- YOUR TASK:
Write out the stretch of lines below that begins at the line with "#4 small box <box>491,682,668,813</box>" and ends at the line with "Horizontal FOV: 99.7°.", including both, exactly as given and nothing more.

- SUPPLIED RECORDS:

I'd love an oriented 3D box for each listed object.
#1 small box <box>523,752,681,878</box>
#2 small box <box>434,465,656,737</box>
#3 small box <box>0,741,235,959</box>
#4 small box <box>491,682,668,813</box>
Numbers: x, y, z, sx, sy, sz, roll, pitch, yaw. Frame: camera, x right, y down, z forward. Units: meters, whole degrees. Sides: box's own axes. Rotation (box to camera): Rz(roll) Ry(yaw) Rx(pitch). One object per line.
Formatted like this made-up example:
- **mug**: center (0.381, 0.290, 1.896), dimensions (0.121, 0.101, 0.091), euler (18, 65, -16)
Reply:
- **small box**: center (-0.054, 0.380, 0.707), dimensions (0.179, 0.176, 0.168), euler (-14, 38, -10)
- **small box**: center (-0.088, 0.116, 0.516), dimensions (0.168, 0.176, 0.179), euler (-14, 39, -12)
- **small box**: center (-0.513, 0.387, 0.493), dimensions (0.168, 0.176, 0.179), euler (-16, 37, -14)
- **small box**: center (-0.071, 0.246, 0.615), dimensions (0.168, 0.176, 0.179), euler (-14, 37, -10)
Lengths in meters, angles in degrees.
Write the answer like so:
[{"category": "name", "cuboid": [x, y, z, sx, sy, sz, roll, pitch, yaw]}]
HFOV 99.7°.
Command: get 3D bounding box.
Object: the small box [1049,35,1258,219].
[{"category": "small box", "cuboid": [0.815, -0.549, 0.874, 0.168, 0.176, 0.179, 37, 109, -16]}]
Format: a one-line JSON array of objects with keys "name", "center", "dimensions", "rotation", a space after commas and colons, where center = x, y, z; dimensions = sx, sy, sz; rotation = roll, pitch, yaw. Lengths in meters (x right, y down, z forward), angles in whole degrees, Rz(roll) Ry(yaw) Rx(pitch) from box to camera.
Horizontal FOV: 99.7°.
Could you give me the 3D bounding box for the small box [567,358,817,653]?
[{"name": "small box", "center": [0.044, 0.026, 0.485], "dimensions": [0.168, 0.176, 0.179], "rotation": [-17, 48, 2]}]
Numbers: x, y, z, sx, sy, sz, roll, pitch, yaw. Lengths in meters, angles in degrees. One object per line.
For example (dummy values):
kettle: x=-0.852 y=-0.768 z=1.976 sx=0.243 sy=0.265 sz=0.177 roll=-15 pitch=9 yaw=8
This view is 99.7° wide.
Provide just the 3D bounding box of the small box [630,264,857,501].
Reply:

- ANSWER TO THIS PROBLEM:
#4 small box <box>491,682,668,813</box>
Numbers: x, y, z, sx, sy, sz, roll, pitch, yaw. Frame: camera, x right, y down, z forward. Units: meters, whole degrees. Sides: box's own axes. Rotation (box to camera): Rz(roll) Ry(yaw) Rx(pitch). One object per line.
Formatted like this made-up example:
- **mug**: center (0.381, 0.290, 1.896), dimensions (0.121, 0.101, 0.091), euler (18, 65, -16)
Reply:
- **small box**: center (-0.054, 0.380, 0.707), dimensions (0.179, 0.176, 0.168), euler (-14, 38, -10)
- **small box**: center (-0.088, 0.116, 0.516), dimensions (0.168, 0.176, 0.179), euler (-14, 39, -12)
- **small box**: center (-0.513, 0.387, 0.493), dimensions (0.168, 0.176, 0.179), euler (-16, 37, -14)
- **small box**: center (-0.071, 0.246, 0.615), dimensions (0.168, 0.176, 0.179), euler (-14, 37, -10)
Lengths in meters, angles in degrees.
Write the answer like so:
[{"category": "name", "cuboid": [x, y, z, sx, sy, sz, roll, pitch, yaw]}]
HFOV 99.7°.
Command: get 3D bounding box.
Object: the small box [1049,35,1258,219].
[{"category": "small box", "cuboid": [0.815, -0.549, 0.874, 0.168, 0.176, 0.179, 37, 109, -16]}]
Format: a one-line JSON array of objects with keys "name", "center", "dimensions", "rotation", a space after commas and colons, where center = x, y, z; dimensions = sx, sy, sz; rotation = roll, pitch, yaw. Lengths in meters (x right, y down, z forward), angles in whole degrees, Rz(roll) Ry(yaw) Rx(pitch) from box to camera.
Horizontal FOV: 99.7°.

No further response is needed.